SINR-Based User Clustering for Downlink NOMA Systems with Limited Channel Information

In next-generation wireless communication systems, spectrum efficiency can be realized through the integration of hybrid beamforming (HBF) and non-orthogonal multiple access (NOMA). To maximize the synergy between these two technologies, it is essential to accurately cluster users within beams. Most existing studies on clustering overlook practical constraints and assume perfect channel state information (CSI). However, obtaining full CSI is impractical in realistic environments due to high feedback overhead and potential CSI errors. To address these challenges, this paper adopts an opportunistic beamforming (OBF) framework based on a partial CSI environment. The OBF facilitates channel estimation and HBF precoder design using only signal-to-interference-plus-noise ratio (SINR) feedback. Subsequently, clustering and power allocation (PA) are performed utilizing the feedback SINR from OBF without requiring additional feedback information.
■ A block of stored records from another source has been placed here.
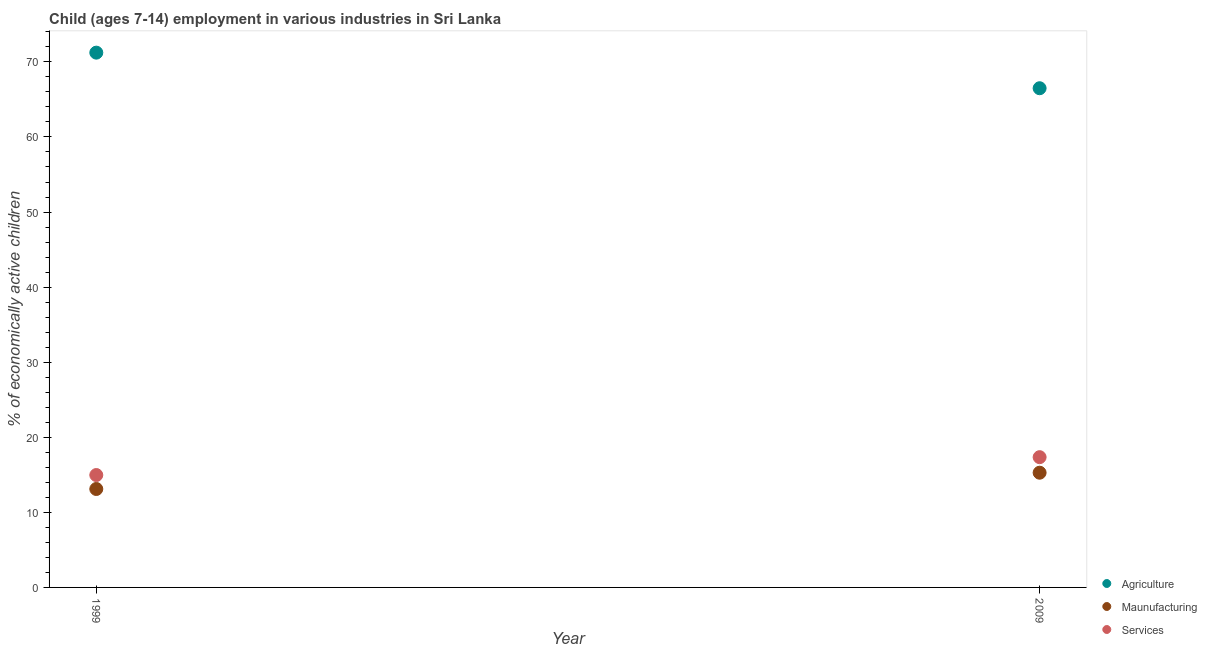Is the number of dotlines equal to the number of legend labels?
Keep it short and to the point. Yes. What is the percentage of economically active children in services in 2009?
Give a very brief answer. 17.35. Across all years, what is the maximum percentage of economically active children in agriculture?
Your answer should be very brief. 71.23. Across all years, what is the minimum percentage of economically active children in agriculture?
Ensure brevity in your answer.  66.49. In which year was the percentage of economically active children in manufacturing maximum?
Give a very brief answer. 2009. What is the total percentage of economically active children in services in the graph?
Offer a very short reply. 32.32. What is the difference between the percentage of economically active children in agriculture in 1999 and that in 2009?
Make the answer very short. 4.74. What is the difference between the percentage of economically active children in services in 1999 and the percentage of economically active children in manufacturing in 2009?
Keep it short and to the point. -0.31. What is the average percentage of economically active children in manufacturing per year?
Keep it short and to the point. 14.2. In the year 2009, what is the difference between the percentage of economically active children in services and percentage of economically active children in agriculture?
Your answer should be very brief. -49.14. What is the ratio of the percentage of economically active children in manufacturing in 1999 to that in 2009?
Keep it short and to the point. 0.86. Is the percentage of economically active children in agriculture in 1999 less than that in 2009?
Ensure brevity in your answer.  No. Is it the case that in every year, the sum of the percentage of economically active children in agriculture and percentage of economically active children in manufacturing is greater than the percentage of economically active children in services?
Your response must be concise. Yes. Does the percentage of economically active children in services monotonically increase over the years?
Keep it short and to the point. Yes. Is the percentage of economically active children in services strictly less than the percentage of economically active children in agriculture over the years?
Give a very brief answer. Yes. How many years are there in the graph?
Your answer should be compact. 2. Does the graph contain any zero values?
Your answer should be compact. No. Where does the legend appear in the graph?
Your answer should be very brief. Bottom right. How many legend labels are there?
Keep it short and to the point. 3. How are the legend labels stacked?
Give a very brief answer. Vertical. What is the title of the graph?
Provide a short and direct response. Child (ages 7-14) employment in various industries in Sri Lanka. What is the label or title of the X-axis?
Offer a very short reply. Year. What is the label or title of the Y-axis?
Make the answer very short. % of economically active children. What is the % of economically active children in Agriculture in 1999?
Make the answer very short. 71.23. What is the % of economically active children in Maunufacturing in 1999?
Offer a terse response. 13.11. What is the % of economically active children of Services in 1999?
Provide a short and direct response. 14.97. What is the % of economically active children in Agriculture in 2009?
Keep it short and to the point. 66.49. What is the % of economically active children in Maunufacturing in 2009?
Give a very brief answer. 15.28. What is the % of economically active children of Services in 2009?
Offer a very short reply. 17.35. Across all years, what is the maximum % of economically active children in Agriculture?
Keep it short and to the point. 71.23. Across all years, what is the maximum % of economically active children in Maunufacturing?
Keep it short and to the point. 15.28. Across all years, what is the maximum % of economically active children of Services?
Keep it short and to the point. 17.35. Across all years, what is the minimum % of economically active children of Agriculture?
Offer a terse response. 66.49. Across all years, what is the minimum % of economically active children in Maunufacturing?
Provide a short and direct response. 13.11. Across all years, what is the minimum % of economically active children in Services?
Your answer should be compact. 14.97. What is the total % of economically active children in Agriculture in the graph?
Ensure brevity in your answer.  137.72. What is the total % of economically active children of Maunufacturing in the graph?
Your response must be concise. 28.39. What is the total % of economically active children of Services in the graph?
Your response must be concise. 32.32. What is the difference between the % of economically active children of Agriculture in 1999 and that in 2009?
Your response must be concise. 4.74. What is the difference between the % of economically active children in Maunufacturing in 1999 and that in 2009?
Your answer should be very brief. -2.17. What is the difference between the % of economically active children of Services in 1999 and that in 2009?
Keep it short and to the point. -2.38. What is the difference between the % of economically active children of Agriculture in 1999 and the % of economically active children of Maunufacturing in 2009?
Keep it short and to the point. 55.95. What is the difference between the % of economically active children in Agriculture in 1999 and the % of economically active children in Services in 2009?
Your answer should be very brief. 53.88. What is the difference between the % of economically active children in Maunufacturing in 1999 and the % of economically active children in Services in 2009?
Make the answer very short. -4.24. What is the average % of economically active children in Agriculture per year?
Give a very brief answer. 68.86. What is the average % of economically active children of Maunufacturing per year?
Offer a terse response. 14.2. What is the average % of economically active children in Services per year?
Your answer should be compact. 16.16. In the year 1999, what is the difference between the % of economically active children of Agriculture and % of economically active children of Maunufacturing?
Keep it short and to the point. 58.12. In the year 1999, what is the difference between the % of economically active children of Agriculture and % of economically active children of Services?
Provide a short and direct response. 56.26. In the year 1999, what is the difference between the % of economically active children of Maunufacturing and % of economically active children of Services?
Your answer should be very brief. -1.86. In the year 2009, what is the difference between the % of economically active children of Agriculture and % of economically active children of Maunufacturing?
Your answer should be very brief. 51.21. In the year 2009, what is the difference between the % of economically active children in Agriculture and % of economically active children in Services?
Provide a succinct answer. 49.14. In the year 2009, what is the difference between the % of economically active children in Maunufacturing and % of economically active children in Services?
Your answer should be compact. -2.07. What is the ratio of the % of economically active children of Agriculture in 1999 to that in 2009?
Offer a terse response. 1.07. What is the ratio of the % of economically active children in Maunufacturing in 1999 to that in 2009?
Provide a succinct answer. 0.86. What is the ratio of the % of economically active children in Services in 1999 to that in 2009?
Give a very brief answer. 0.86. What is the difference between the highest and the second highest % of economically active children of Agriculture?
Keep it short and to the point. 4.74. What is the difference between the highest and the second highest % of economically active children in Maunufacturing?
Provide a short and direct response. 2.17. What is the difference between the highest and the second highest % of economically active children of Services?
Make the answer very short. 2.38. What is the difference between the highest and the lowest % of economically active children of Agriculture?
Give a very brief answer. 4.74. What is the difference between the highest and the lowest % of economically active children in Maunufacturing?
Your response must be concise. 2.17. What is the difference between the highest and the lowest % of economically active children in Services?
Your answer should be compact. 2.38.

While conventional NOMA focuses on maximizing either throughput or fairness, this paper proposes a scheme that selects users with high SINR to maximize system throughput while minimizing the throughput disparity among users to enhance fairness. Furthermore, a power allocation method that satisfies the minimum successive interference cancellation (SIC) power requirement is employed to ensure stable decoding. Simulation results demonstrate that the proposed clustering scheme enhances the sum-rate compared to conventional SINR-based clustering methods while maintaining fairness. Consequently, this study suggests a promising approach to improving NOMA performance in practical partial CSI environments.